Directions: Nothing should be left out: repeat all the data exactly.

Records for processing:

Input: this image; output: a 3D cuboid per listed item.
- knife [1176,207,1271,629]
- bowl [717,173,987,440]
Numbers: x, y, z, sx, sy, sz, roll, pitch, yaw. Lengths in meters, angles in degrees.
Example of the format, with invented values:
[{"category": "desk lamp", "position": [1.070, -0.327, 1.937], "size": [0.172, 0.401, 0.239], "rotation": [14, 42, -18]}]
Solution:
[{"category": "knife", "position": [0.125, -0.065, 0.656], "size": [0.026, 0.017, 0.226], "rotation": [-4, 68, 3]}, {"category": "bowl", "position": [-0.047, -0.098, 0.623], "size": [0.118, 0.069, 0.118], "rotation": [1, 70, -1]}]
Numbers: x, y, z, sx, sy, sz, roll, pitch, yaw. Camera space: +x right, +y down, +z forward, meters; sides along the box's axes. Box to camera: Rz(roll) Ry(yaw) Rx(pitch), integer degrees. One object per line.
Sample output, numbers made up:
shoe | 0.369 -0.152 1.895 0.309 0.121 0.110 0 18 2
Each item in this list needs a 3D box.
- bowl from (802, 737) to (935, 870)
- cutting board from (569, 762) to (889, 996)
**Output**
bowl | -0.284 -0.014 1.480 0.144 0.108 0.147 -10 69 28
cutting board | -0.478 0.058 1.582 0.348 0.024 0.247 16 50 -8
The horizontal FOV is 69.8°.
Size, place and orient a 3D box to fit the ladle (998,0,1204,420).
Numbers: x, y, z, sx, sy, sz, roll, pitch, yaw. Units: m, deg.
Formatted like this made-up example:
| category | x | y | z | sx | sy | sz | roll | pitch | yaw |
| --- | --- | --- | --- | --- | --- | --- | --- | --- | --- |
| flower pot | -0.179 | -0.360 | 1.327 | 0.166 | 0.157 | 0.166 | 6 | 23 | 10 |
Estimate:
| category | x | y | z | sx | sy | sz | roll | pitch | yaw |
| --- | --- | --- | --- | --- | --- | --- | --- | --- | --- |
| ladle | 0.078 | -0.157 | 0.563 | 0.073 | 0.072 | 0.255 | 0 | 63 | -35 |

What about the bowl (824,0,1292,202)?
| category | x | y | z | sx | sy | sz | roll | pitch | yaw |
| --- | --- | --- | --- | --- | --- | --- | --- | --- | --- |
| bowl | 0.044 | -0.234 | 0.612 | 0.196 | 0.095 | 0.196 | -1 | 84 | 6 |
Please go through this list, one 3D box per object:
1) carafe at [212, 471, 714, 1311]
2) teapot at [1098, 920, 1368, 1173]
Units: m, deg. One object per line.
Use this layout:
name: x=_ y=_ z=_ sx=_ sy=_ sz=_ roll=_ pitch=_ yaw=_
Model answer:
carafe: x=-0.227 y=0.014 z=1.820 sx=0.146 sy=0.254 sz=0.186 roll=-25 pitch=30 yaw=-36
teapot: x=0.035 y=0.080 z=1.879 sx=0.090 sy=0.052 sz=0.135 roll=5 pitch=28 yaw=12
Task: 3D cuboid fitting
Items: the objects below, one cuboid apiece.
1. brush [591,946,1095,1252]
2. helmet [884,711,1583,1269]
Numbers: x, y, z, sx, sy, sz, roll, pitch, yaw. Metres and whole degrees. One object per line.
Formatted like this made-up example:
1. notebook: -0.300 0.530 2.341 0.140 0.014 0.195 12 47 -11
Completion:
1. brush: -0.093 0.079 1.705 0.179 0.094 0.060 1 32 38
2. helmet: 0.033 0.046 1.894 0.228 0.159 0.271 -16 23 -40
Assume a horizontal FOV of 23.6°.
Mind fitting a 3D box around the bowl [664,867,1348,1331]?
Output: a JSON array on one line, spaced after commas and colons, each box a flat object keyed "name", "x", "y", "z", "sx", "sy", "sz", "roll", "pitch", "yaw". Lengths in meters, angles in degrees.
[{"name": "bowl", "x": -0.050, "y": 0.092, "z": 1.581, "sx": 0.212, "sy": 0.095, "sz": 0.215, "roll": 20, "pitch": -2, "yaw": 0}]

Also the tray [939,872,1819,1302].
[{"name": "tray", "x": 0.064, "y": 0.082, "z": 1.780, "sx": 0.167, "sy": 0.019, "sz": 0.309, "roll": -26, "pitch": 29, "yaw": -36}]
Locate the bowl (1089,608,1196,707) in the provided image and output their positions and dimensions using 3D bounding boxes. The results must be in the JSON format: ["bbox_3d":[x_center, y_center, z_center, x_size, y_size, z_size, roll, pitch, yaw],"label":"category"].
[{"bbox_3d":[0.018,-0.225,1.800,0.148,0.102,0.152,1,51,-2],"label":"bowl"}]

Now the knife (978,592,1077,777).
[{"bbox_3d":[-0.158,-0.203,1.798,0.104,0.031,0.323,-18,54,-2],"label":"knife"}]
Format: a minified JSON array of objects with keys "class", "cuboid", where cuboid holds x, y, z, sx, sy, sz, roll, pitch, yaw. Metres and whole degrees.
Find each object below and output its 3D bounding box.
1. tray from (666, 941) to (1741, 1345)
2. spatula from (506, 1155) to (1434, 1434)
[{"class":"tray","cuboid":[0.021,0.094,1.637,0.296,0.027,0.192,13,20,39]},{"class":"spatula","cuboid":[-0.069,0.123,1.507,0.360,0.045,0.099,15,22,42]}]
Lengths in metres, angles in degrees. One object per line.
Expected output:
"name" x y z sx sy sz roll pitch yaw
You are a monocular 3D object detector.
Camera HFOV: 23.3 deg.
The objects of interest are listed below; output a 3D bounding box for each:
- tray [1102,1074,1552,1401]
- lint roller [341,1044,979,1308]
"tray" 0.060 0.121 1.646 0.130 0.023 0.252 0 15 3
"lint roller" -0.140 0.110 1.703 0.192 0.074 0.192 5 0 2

Answer space:
Input: this image; output: a 3D cuboid per listed item.
- knife [1176,207,1271,629]
- bowl [717,173,987,440]
Numbers: x, y, z, sx, sy, sz, roll, pitch, yaw. Lengths in meters, angles in degrees.
Example of the format, with invented values:
[{"category": "desk lamp", "position": [1.070, -0.327, 1.937], "size": [0.172, 0.401, 0.239], "rotation": [14, 42, -18]}]
Solution:
[{"category": "knife", "position": [0.125, -0.065, 0.656], "size": [0.026, 0.017, 0.226], "rotation": [-4, 68, 3]}, {"category": "bowl", "position": [-0.047, -0.098, 0.623], "size": [0.118, 0.069, 0.118], "rotation": [1, 70, -1]}]
Numbers: x, y, z, sx, sy, sz, roll, pitch, yaw. Camera space: +x right, +y down, +z forward, meters; sides along the box's axes. Box to camera: Rz(roll) Ry(yaw) Rx(pitch), integer degrees. One object per line.
Sample output, numbers made up:
shoe | 0.369 -0.152 1.895 0.309 0.121 0.110 0 18 2
Each item in this list needs a 3D box.
- bowl from (802, 737) to (935, 870)
- cutting board from (569, 762) to (889, 996)
**Output**
bowl | -0.284 -0.014 1.480 0.144 0.108 0.147 -10 69 28
cutting board | -0.478 0.058 1.582 0.348 0.024 0.247 16 50 -8
The horizontal FOV is 69.8°.
Size, place and orient a 3D box to fit the ladle (998,0,1204,420).
Numbers: x, y, z, sx, sy, sz, roll, pitch, yaw. Units: m, deg.
Formatted like this made-up example:
| category | x | y | z | sx | sy | sz | roll | pitch | yaw |
| --- | --- | --- | --- | --- | --- | --- | --- | --- | --- |
| flower pot | -0.179 | -0.360 | 1.327 | 0.166 | 0.157 | 0.166 | 6 | 23 | 10 |
Estimate:
| category | x | y | z | sx | sy | sz | roll | pitch | yaw |
| --- | --- | --- | --- | --- | --- | --- | --- | --- | --- |
| ladle | 0.078 | -0.157 | 0.563 | 0.073 | 0.072 | 0.255 | 0 | 63 | -35 |

What about the bowl (824,0,1292,202)?
| category | x | y | z | sx | sy | sz | roll | pitch | yaw |
| --- | --- | --- | --- | --- | --- | --- | --- | --- | --- |
| bowl | 0.044 | -0.234 | 0.612 | 0.196 | 0.095 | 0.196 | -1 | 84 | 6 |
Please go through this list, one 3D box per object:
1) carafe at [212, 471, 714, 1311]
2) teapot at [1098, 920, 1368, 1173]
Units: m, deg. One object per line.
Use this layout:
name: x=_ y=_ z=_ sx=_ sy=_ sz=_ roll=_ pitch=_ yaw=_
Model answer:
carafe: x=-0.227 y=0.014 z=1.820 sx=0.146 sy=0.254 sz=0.186 roll=-25 pitch=30 yaw=-36
teapot: x=0.035 y=0.080 z=1.879 sx=0.090 sy=0.052 sz=0.135 roll=5 pitch=28 yaw=12
Task: 3D cuboid fitting
Items: the objects below, one cuboid apiece.
1. brush [591,946,1095,1252]
2. helmet [884,711,1583,1269]
Numbers: x, y, z, sx, sy, sz, roll, pitch, yaw. Metres and whole degrees. One object per line.
Formatted like this made-up example:
1. notebook: -0.300 0.530 2.341 0.140 0.014 0.195 12 47 -11
Completion:
1. brush: -0.093 0.079 1.705 0.179 0.094 0.060 1 32 38
2. helmet: 0.033 0.046 1.894 0.228 0.159 0.271 -16 23 -40
Assume a horizontal FOV of 23.6°.
Mind fitting a 3D box around the bowl [664,867,1348,1331]?
Output: a JSON array on one line, spaced after commas and colons, each box a flat object keyed "name", "x", "y", "z", "sx", "sy", "sz", "roll", "pitch", "yaw". Lengths in meters, angles in degrees.
[{"name": "bowl", "x": -0.050, "y": 0.092, "z": 1.581, "sx": 0.212, "sy": 0.095, "sz": 0.215, "roll": 20, "pitch": -2, "yaw": 0}]

Also the tray [939,872,1819,1302].
[{"name": "tray", "x": 0.064, "y": 0.082, "z": 1.780, "sx": 0.167, "sy": 0.019, "sz": 0.309, "roll": -26, "pitch": 29, "yaw": -36}]
Locate the bowl (1089,608,1196,707) in the provided image and output their positions and dimensions using 3D bounding boxes. The results must be in the JSON format: ["bbox_3d":[x_center, y_center, z_center, x_size, y_size, z_size, roll, pitch, yaw],"label":"category"].
[{"bbox_3d":[0.018,-0.225,1.800,0.148,0.102,0.152,1,51,-2],"label":"bowl"}]

Now the knife (978,592,1077,777).
[{"bbox_3d":[-0.158,-0.203,1.798,0.104,0.031,0.323,-18,54,-2],"label":"knife"}]
Format: a minified JSON array of objects with keys "class", "cuboid", where cuboid holds x, y, z, sx, sy, sz, roll, pitch, yaw. Metres and whole degrees.
Find each object below and output its 3D bounding box.
1. tray from (666, 941) to (1741, 1345)
2. spatula from (506, 1155) to (1434, 1434)
[{"class":"tray","cuboid":[0.021,0.094,1.637,0.296,0.027,0.192,13,20,39]},{"class":"spatula","cuboid":[-0.069,0.123,1.507,0.360,0.045,0.099,15,22,42]}]
Lengths in metres, angles in degrees. One object per line.
Expected output:
"name" x y z sx sy sz roll pitch yaw
You are a monocular 3D object detector.
Camera HFOV: 23.3 deg.
The objects of interest are listed below; output a 3D bounding box for each:
- tray [1102,1074,1552,1401]
- lint roller [341,1044,979,1308]
"tray" 0.060 0.121 1.646 0.130 0.023 0.252 0 15 3
"lint roller" -0.140 0.110 1.703 0.192 0.074 0.192 5 0 2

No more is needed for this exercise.